Review



image

Summary

From the README:

✔ An open-source, CLI tool and Python library for data quality testing ✔ Compatible with the Soda Checks Language (SodaCL) ✔ Enables data quality testing both in and out of your data pipelines and development workflows ✔ Integrated to allow a Soda scan in a data pipeline, or programmatic scans on a time-based schedule

Soda Core is a free, open-source, command-line tool and Python library that enables you to use the Soda Checks Language to turn user-defined input into aggregated SQL queries.

When it runs a scan on a dataset, Soda Core executes the checks to find invalid, missing, or unexpected data. When your Soda Checks fail, they surface the data that you defined as bad-quality.

Pros

Cons

In my haste to get something working, I went to soda core docs, which then led me to a quickstart, which included a cloud-account creation step, which I avoided. I then misinterpreted an error meaning that the quickstart would not work without a cloud account. That’s not the case, though! You will still have all the soda-core functionality, but you will receive errors for any of the extended functionality that soda-library provides. So use soda-core all you want, and then when you’re ready to use any of the soda-library features, like time-windowed features, you’ll need to set up an account. Free accounts currently only last for 45 days after which you’ll need to sign up.
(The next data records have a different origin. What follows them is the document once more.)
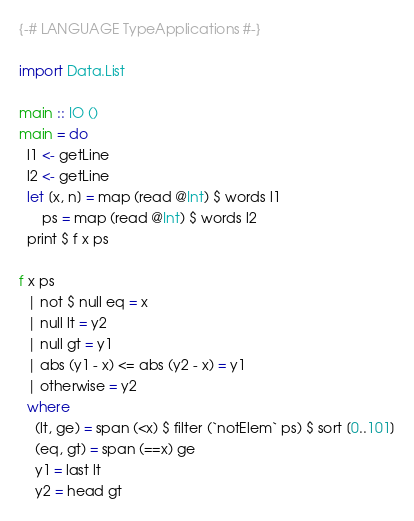Convert code to text. <code><loc_0><loc_0><loc_500><loc_500><_Haskell_>{-# LANGUAGE TypeApplications #-}

import Data.List

main :: IO ()
main = do
  l1 <- getLine
  l2 <- getLine
  let [x, n] = map (read @Int) $ words l1
      ps = map (read @Int) $ words l2
  print $ f x ps

f x ps
  | not $ null eq = x
  | null lt = y2
  | null gt = y1
  | abs (y1 - x) <= abs (y2 - x) = y1
  | otherwise = y2
  where
    (lt, ge) = span (<x) $ filter (`notElem` ps) $ sort [0..101]
    (eq, gt) = span (==x) ge
    y1 = last lt
    y2 = head gt
</code>

When I raised this with the team, the bizdev and pm both reached out to clarify- super helpful, proactive, and informative.

Response on GitHub was also quick and helpful. I created a postgres quickstart that avoids the cloud account creation issue and runs all in one script. It’s available at https://github.com/sodadata/soda-core/blob/main/examples/postgres_example.md.

Finally, for an issue I’d called out, they clearly have an internal JIRA tracking issues and ensuring bugs are followed up on.

All in all, this is a helpful tool and I’m going to stay tuned to soda. Soda excels is in customer support and engagement- they clearly want to build a winning product and I’ve observed motivation across multiple teams. That will lead to long-term success and reliable support for enterprise customers.